What you should do ->
Repeat exactly the line that contains "Answer: 2023 How" and every line below it to the end of the material, omitting all others.

Material provided Start Marker

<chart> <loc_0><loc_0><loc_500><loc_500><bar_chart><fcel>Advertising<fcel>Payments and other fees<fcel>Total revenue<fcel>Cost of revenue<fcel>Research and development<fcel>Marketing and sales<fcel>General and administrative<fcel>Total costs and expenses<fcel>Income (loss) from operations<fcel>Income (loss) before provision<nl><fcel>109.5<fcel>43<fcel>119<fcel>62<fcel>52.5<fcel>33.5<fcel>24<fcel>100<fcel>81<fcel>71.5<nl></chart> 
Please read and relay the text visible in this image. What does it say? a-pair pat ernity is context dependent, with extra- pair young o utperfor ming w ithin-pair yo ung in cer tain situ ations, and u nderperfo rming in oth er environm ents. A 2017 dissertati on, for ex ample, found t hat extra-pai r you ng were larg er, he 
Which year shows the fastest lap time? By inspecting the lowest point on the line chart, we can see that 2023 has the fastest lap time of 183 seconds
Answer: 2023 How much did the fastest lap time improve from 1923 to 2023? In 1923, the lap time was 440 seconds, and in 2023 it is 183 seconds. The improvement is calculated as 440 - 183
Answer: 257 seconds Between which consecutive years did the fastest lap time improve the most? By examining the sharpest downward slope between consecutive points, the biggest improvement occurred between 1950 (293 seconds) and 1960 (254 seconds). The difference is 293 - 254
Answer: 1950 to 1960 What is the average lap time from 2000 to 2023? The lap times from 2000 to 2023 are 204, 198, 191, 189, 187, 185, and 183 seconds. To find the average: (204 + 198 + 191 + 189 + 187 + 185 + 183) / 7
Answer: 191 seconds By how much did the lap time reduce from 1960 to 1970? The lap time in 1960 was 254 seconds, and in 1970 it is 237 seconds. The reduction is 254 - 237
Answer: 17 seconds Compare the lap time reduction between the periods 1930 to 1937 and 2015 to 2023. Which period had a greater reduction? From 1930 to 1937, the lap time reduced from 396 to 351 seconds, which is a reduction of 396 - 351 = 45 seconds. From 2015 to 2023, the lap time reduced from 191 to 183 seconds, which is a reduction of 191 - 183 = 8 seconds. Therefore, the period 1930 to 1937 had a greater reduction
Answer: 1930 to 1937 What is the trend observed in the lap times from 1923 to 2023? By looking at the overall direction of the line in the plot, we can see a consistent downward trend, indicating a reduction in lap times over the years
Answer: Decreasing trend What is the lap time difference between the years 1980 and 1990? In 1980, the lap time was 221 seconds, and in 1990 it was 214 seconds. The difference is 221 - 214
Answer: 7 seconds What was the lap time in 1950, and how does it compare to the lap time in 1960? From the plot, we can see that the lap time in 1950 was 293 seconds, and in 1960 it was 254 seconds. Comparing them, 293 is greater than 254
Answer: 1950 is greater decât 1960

Material provided End Marker

Your solution ->
Answer: 2023 How much did the fastest lap time improve from 1923 to 2023? In 1923, the lap time was 440 seconds, and in 2023 it is 183 seconds. The improvement is calculated as 440 - 183
Answer: 257 seconds Between which consecutive years did the fastest lap time improve the most? By examining the sharpest downward slope between consecutive points, the biggest improvement occurred between 1950 (293 seconds) and 1960 (254 seconds). The difference is 293 - 254
Answer: 1950 to 1960 What is the average lap time from 2000 to 2023? The lap times from 2000 to 2023 are 204, 198, 191, 189, 187, 185, and 183 seconds. To find the average: (204 + 198 + 191 + 189 + 187 + 185 + 183) / 7
Answer: 191 seconds By how much did the lap time reduce from 1960 to 1970? The lap time in 1960 was 254 seconds, and in 1970 it is 237 seconds. The reduction is 254 - 237
Answer: 17 seconds Compare the lap time reduction between the periods 1930 to 1937 and 2015 to 2023. Which period had a greater reduction? From 1930 to 1937, the lap time reduced from 396 to 351 seconds, which is a reduction of 396 - 351 = 45 seconds. From 2015 to 2023, the lap time reduced from 191 to 183 seconds, which is a reduction of 191 - 183 = 8 seconds. Therefore, the period 1930 to 1937 had a greater reduction
Answer: 1930 to 1937 What is the trend observed in the lap times from 1923 to 2023? By looking at the overall direction of the line in the plot, we can see a consistent downward trend, indicating a reduction in lap times over the years
Answer: Decreasing trend What is the lap time difference between the years 1980 and 1990? In 1980, the lap time was 221 seconds, and in 1990 it was 214 seconds. The difference is 221 - 214
Answer: 7 seconds What was the lap time in 1950, and how does it compare to the lap time in 1960? From the plot, we can see that the lap time in 1950 was 293 seconds, and in 1960 it was 254 seconds. Comparing them, 293 is greater than 254
Answer: 1950 is greater decât 1960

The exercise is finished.